Smart Snap, now 16, is a gorgeous bay Quarter Horse who stands 15 hands.
“I thought he was exactly what I wanted and that we’d be able to go into any show ring and win it all,” Nadine laughed. “I found out he had a few skeletons in his closet. He took me for a ride a few times, but we worked through that. He’s a special, exceptional horse. I can do anything on him without even moving my hands. We have such a connection. He likes that partnership.”
By mid-2005, they were winning everything: trophies, belt buckles, saddles.
“In 2006, my confidence was high. We showed in the Intermediate Non-Pro Division, and all of a sudden, we were leading it,” Nadine recalled. “I noticed that some European shows had huge added money, so that summer, we flew to Amsterdam, drove to southern France where we stayed with some friends for a bit, then showed in Italy, Germany and France. We won enough to pay for the whole trip.”
Snap had a great year on both sides of the Atlantic.
“We showed all over the U.S., ending up at the congress as champion in both the Intermediate Non-Pro and Non-Pro Divisions, despite the fact that I was injured for the last show,” Nadine said. “I’d been tossed hard from a 3-year-old an hour before the class. I was in excruciating pain and could barely use my left side. It was a huge class. We placed in the top four. Snap always won, unless I messed up. He’s that great a horse.”
In 2007, Nadine and her two daughters traveled to a big reining show in Kentucky. Her middle daughter, Carly, showed her mare, Sweet Starbuck, in 13 and under, winning the division, while her oldest daughter, Melanie, won the 14-18 division with Smart Snap.
“It was cool, having both of my daughters win championships,” Nadine said. “It was an unbelievable day.”
In 2008, Melanie continued showing Smart Snap in 14-18. Her world championship helped her earn an NCAA scholarship to the University of Georgia in Athens. That was Smart Snap’s third world championship. That year, Carly also showed him at congress and won. It was his third congress win.

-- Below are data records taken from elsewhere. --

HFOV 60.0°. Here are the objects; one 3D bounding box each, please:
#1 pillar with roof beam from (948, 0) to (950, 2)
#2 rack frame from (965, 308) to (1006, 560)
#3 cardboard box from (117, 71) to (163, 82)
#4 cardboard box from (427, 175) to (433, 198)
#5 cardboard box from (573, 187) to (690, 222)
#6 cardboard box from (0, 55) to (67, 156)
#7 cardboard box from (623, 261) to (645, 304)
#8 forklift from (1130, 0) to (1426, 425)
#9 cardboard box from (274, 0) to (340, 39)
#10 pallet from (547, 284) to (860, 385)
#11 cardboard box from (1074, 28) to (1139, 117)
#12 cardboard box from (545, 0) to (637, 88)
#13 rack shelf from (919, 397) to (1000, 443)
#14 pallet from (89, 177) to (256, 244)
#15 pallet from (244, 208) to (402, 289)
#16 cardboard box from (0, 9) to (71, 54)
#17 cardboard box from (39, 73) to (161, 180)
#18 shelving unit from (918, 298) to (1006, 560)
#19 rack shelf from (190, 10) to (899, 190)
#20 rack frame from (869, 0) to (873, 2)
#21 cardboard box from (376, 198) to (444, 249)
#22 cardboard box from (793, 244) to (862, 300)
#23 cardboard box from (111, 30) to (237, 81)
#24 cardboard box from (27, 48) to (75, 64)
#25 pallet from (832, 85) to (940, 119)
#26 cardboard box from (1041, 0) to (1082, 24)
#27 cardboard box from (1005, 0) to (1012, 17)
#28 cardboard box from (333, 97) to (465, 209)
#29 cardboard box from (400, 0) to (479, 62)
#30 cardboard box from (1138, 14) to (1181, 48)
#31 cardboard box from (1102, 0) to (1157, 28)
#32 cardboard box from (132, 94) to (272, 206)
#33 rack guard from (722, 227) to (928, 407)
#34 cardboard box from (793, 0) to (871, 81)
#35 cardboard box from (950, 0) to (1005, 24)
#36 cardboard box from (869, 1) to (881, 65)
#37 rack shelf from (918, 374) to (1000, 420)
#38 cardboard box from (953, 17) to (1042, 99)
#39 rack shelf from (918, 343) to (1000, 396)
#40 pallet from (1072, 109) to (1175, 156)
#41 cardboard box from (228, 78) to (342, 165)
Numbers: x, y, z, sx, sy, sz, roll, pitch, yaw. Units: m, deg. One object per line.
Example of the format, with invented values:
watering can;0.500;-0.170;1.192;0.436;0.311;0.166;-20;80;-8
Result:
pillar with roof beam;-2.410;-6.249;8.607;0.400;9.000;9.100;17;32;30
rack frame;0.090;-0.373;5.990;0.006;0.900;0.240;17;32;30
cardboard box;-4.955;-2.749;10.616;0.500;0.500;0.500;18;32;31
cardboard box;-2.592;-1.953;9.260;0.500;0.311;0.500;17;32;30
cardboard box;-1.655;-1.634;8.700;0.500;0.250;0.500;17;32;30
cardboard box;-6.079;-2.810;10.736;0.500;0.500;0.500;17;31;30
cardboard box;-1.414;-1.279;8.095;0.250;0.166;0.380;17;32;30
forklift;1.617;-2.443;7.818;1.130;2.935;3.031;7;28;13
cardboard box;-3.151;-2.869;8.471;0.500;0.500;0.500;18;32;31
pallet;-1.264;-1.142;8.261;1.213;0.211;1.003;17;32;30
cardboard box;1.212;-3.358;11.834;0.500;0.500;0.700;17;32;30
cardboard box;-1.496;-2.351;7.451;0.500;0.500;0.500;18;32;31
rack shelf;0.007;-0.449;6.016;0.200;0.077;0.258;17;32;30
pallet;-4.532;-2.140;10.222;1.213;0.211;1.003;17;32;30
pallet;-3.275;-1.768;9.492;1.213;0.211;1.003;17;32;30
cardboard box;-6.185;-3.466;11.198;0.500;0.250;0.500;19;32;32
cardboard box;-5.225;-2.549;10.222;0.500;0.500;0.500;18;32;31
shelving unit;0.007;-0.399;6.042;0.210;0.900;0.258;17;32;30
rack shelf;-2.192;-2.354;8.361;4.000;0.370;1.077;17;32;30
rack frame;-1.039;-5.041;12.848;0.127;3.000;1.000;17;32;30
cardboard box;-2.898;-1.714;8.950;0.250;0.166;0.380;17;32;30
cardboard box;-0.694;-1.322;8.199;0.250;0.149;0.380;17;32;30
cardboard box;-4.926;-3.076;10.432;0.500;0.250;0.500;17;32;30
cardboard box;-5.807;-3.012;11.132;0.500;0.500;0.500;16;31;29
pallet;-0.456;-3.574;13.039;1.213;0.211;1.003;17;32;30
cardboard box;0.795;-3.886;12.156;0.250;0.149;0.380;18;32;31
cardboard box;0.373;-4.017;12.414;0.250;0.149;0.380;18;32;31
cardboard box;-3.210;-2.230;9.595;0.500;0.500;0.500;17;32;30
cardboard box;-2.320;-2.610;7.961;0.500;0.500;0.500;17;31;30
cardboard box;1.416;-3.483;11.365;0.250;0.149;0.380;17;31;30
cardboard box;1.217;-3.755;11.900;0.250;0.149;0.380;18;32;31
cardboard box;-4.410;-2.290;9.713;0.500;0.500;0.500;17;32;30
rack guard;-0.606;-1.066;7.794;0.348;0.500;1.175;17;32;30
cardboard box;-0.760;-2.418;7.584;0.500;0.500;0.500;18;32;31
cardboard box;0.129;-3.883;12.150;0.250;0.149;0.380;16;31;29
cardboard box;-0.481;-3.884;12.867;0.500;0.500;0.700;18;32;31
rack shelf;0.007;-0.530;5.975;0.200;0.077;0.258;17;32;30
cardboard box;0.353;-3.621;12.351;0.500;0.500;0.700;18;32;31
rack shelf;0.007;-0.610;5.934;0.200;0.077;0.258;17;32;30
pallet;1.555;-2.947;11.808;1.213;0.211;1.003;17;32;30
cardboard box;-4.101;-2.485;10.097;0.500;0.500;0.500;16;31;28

Last year, her youngest daughter, Aubrey, showed Smart Snap in 13 and under, winning the NRHA World Champion title yet again at congress, for the fourth time. In 2014, Carly showed him in Limited Non-Pro, and in 14-18, qualifying for the Oklahoma City NRHA Futurity Show and North American Championship. Nadine has nominated him for the NRHA Hall of Fame.

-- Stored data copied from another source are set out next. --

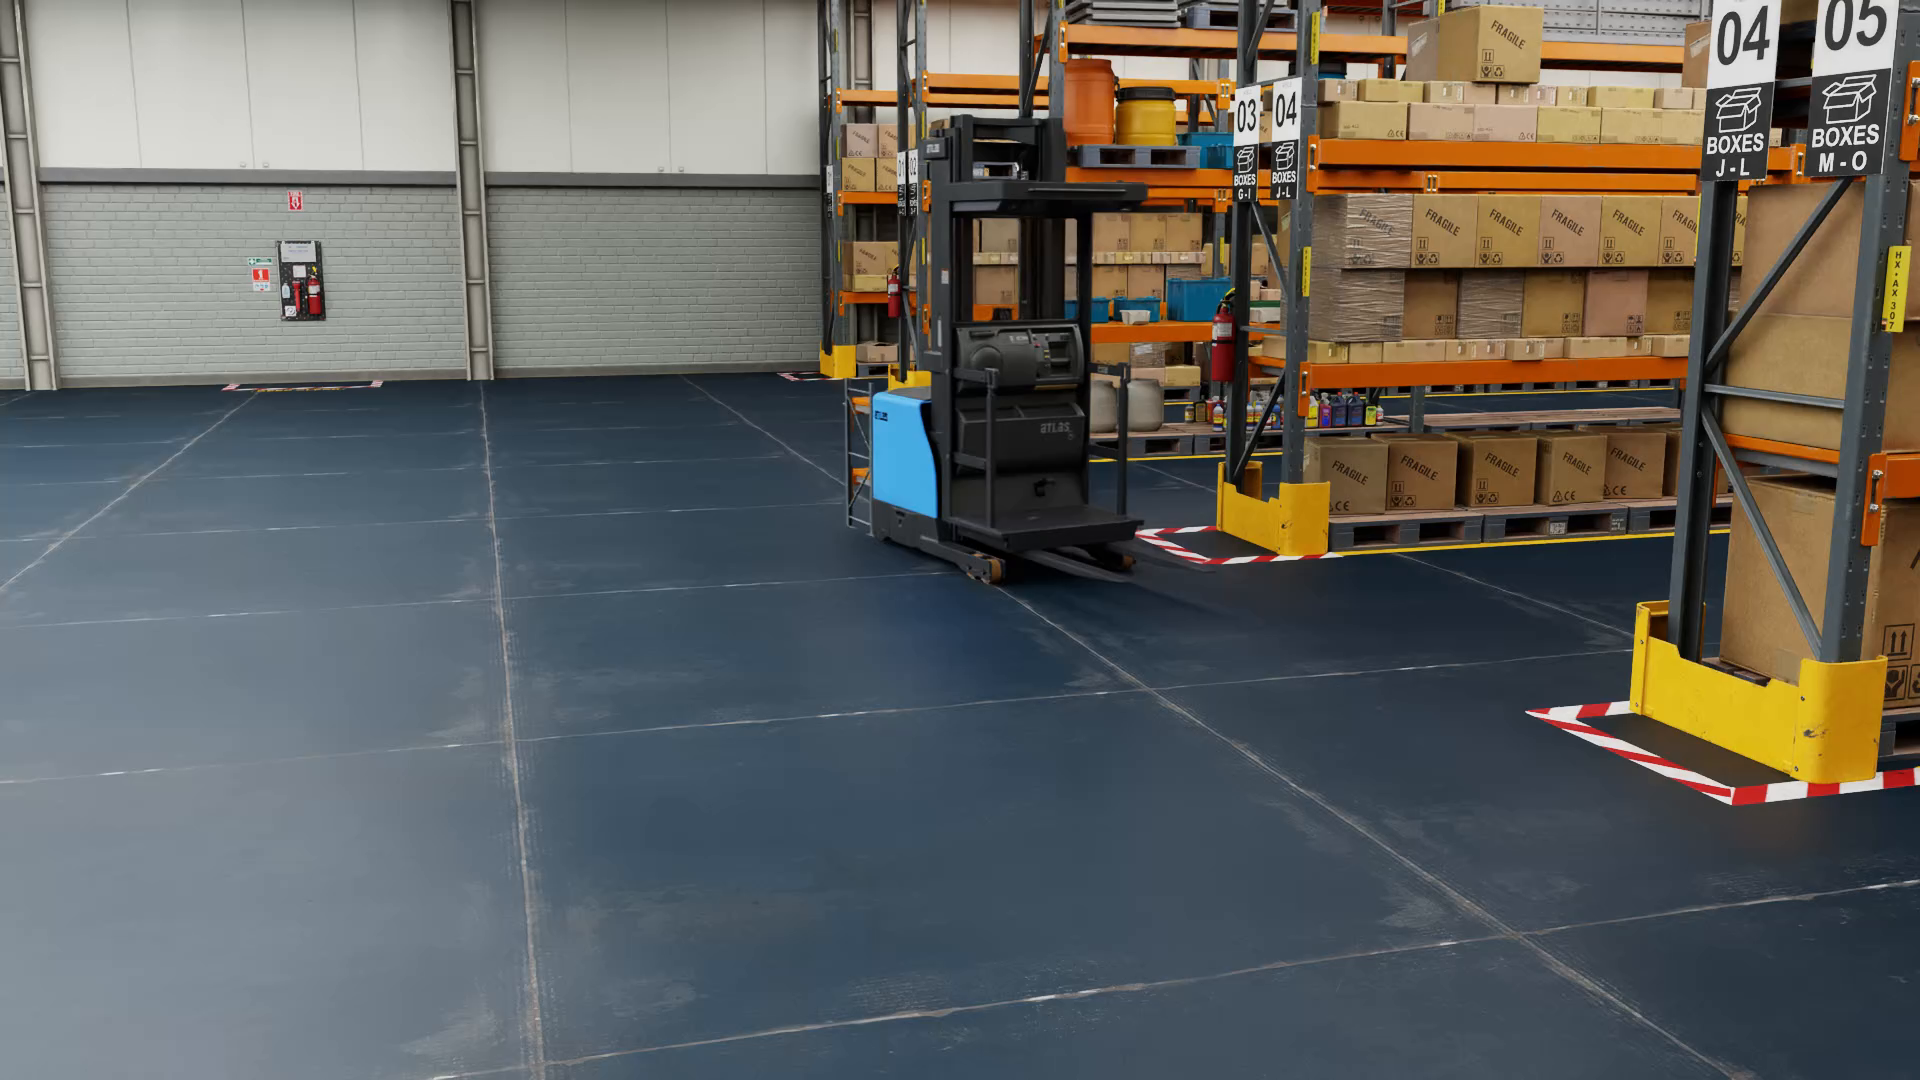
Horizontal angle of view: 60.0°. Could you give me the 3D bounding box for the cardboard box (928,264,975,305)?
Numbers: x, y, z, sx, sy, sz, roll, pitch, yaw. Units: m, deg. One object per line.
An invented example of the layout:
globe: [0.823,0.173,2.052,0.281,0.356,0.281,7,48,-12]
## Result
cardboard box: [-0.147,-3.259,21.188,0.500,0.500,0.700,-3,11,-16]

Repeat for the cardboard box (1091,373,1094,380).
cardboard box: [1.418,-2.107,21.640,0.500,0.250,0.500,-3,11,-16]

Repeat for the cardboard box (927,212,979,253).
cardboard box: [-0.097,-3.900,21.086,0.500,0.500,0.700,-3,11,-16]

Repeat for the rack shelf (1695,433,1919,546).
rack shelf: [5.376,-0.346,7.629,4.000,0.370,1.077,-3,11,-16]

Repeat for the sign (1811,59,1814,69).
sign: [6.166,-3.304,11.997,0.005,0.325,0.100,-3,11,-16]

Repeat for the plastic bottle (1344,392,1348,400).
plastic bottle: [4.194,-1.464,18.036,0.097,0.271,0.097,0,10,0]

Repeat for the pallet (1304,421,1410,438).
pallet: [3.966,-1.131,17.610,1.213,0.211,1.003,-3,11,-16]

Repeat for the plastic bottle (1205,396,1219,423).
plastic bottle: [2.672,-1.381,17.572,0.135,0.276,0.152,-3,11,-16]

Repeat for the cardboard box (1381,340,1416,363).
cardboard box: [2.996,-1.335,11.707,0.250,0.149,0.380,-3,11,-16]

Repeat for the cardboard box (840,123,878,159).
cardboard box: [-1.550,-6.053,25.262,0.500,0.500,0.500,-4,11,-20]

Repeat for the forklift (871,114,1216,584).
forklift: [0.503,-1.253,10.757,1.130,2.935,3.031,-6,12,-28]

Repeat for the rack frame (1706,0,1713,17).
rack frame: [8.463,-5.682,18.059,0.127,3.000,1.000,-3,11,-16]

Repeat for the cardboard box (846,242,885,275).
cardboard box: [-1.445,-4.326,25.549,0.500,0.500,0.500,-3,11,-16]

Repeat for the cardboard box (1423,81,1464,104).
cardboard box: [3.261,-3.069,11.462,0.250,0.149,0.380,-3,11,-14]

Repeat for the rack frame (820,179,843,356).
rack frame: [-1.987,-4.049,25.758,0.127,3.000,1.000,-3,11,-16]

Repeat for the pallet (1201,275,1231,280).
pallet: [3.805,-4.253,27.391,1.213,0.211,1.003,-3,11,-16]

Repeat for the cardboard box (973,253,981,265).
cardboard box: [0.090,-3.553,20.993,0.250,0.149,0.380,-3,11,-17]

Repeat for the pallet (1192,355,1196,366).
pallet: [3.774,-2.982,27.664,1.213,0.211,1.003,-3,11,-16]

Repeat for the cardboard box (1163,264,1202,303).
cardboard box: [2.817,-3.417,22.044,0.500,0.500,0.700,-3,11,-17]

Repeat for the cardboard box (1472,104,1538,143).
cardboard box: [3.671,-2.899,11.636,0.500,0.250,0.500,-3,11,-16]

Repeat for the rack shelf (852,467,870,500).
rack shelf: [-0.281,-0.419,12.566,1.000,0.278,0.538,-5,12,-26]

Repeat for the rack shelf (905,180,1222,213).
rack shelf: [1.321,-4.411,21.425,4.000,0.370,1.077,-3,11,-16]

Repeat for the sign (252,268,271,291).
sign: [-10.261,-3.821,24.417,0.234,0.329,0.001,-3,11,-16]

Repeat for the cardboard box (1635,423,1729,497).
cardboard box: [5.611,-0.633,12.942,0.500,0.500,0.500,-3,11,-18]

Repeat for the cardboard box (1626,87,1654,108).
cardboard box: [4.750,-3.155,11.930,0.250,0.149,0.380,-3,11,-14]

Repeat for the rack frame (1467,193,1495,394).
rack frame: [7.082,-3.593,23.280,0.127,3.000,1.000,-3,11,-16]

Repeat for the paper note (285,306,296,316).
paper note: [-9.891,-3.383,24.571,0.142,0.148,0.016,-3,11,-16]

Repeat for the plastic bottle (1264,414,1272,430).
plastic bottle: [3.130,-1.232,16.969,0.097,0.201,0.097,0,10,0]

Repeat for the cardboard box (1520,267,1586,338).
cardboard box: [4.124,-1.772,12.289,0.500,0.500,0.875,-3,11,-16]

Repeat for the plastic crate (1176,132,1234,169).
plastic crate: [2.528,-3.943,16.941,0.575,0.384,0.392,-3,11,-16]

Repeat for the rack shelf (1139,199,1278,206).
rack shelf: [3.773,-5.474,27.201,4.000,0.370,1.077,-3,11,-16]

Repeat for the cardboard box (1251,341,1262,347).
cardboard box: [4.190,-2.523,22.352,0.500,0.311,0.500,-3,11,-17]

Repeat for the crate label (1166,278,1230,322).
crate label: [2.473,-2.485,17.161,0.616,0.435,0.502,-3,11,-16]

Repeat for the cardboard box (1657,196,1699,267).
cardboard box: [5.172,-2.260,12.177,0.500,0.500,0.500,-3,11,-16]

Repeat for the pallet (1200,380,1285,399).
pallet: [3.938,-2.064,22.673,1.213,0.211,1.003,-3,11,-16]

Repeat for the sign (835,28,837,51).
sign: [-1.836,-7.404,24.611,0.005,0.325,0.100,-3,11,-16]

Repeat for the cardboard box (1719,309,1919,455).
cardboard box: [3.799,-0.699,7.146,0.550,0.550,0.875,-3,11,-16]

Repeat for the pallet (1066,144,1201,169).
pallet: [1.603,-3.734,16.283,1.213,0.211,1.003,-3,11,-16]

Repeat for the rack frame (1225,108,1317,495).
rack frame: [2.166,-1.466,11.726,0.127,3.000,1.000,-3,11,-16]

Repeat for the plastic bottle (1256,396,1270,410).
plastic bottle: [3.207,-1.382,17.577,0.135,0.276,0.152,-3,11,-16]

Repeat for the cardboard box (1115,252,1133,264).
cardboard box: [2.063,-3.657,21.558,0.250,0.149,0.380,-3,11,-16]

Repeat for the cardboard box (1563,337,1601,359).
cardboard box: [4.438,-1.410,12.113,0.250,0.149,0.380,-3,11,-16]

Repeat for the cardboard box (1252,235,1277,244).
cardboard box: [5.066,-4.997,27.624,0.250,0.149,0.380,-5,12,-25]

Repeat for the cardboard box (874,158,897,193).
cardboard box: [-1.071,-5.578,25.445,0.500,0.500,0.500,-2,11,-12]

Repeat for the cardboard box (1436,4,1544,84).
cardboard box: [3.667,-3.411,11.526,0.500,0.500,0.500,-3,11,-16]

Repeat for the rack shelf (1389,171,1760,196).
rack shelf: [6.542,-3.752,17.846,4.000,0.370,1.077,-3,11,-16]

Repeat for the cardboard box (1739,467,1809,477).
cardboard box: [6.602,-0.683,13.160,0.500,0.500,0.700,-4,11,-20]

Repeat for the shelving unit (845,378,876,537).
shelving unit: [-0.281,-0.659,12.522,1.048,1.125,0.538,-5,12,-26]

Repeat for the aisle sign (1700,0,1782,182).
aisle sign: [3.303,-1.926,7.043,0.004,0.787,0.394,-3,11,-16]

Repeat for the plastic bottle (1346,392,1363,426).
plastic bottle: [4.084,-1.361,17.253,0.185,0.351,0.144,-3,11,-17]

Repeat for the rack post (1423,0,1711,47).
rack post: [6.489,-5.693,17.564,3.121,1.000,1.013,-3,11,-16]

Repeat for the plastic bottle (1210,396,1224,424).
plastic bottle: [2.702,-1.366,17.471,0.133,0.283,0.061,-3,11,-16]

As for Smart Snap’s future, reining is a challenging sport, and he’s going to be 17. Nadine doesn’t want to stress his joints. She plans to do occasional Quarter Horse shows, ranch, pleasure and trail classes, as well as western dressage.
“Reining is like dressage,” Galbraith said. “It requires the same precision, just done at speed and without any contact on the bit. I think we’d both like dressage. I’m on the hunt for another, younger horse, but the thing is, where do I go from here when I’ve had a horse like him? He was the find of a lifetime.”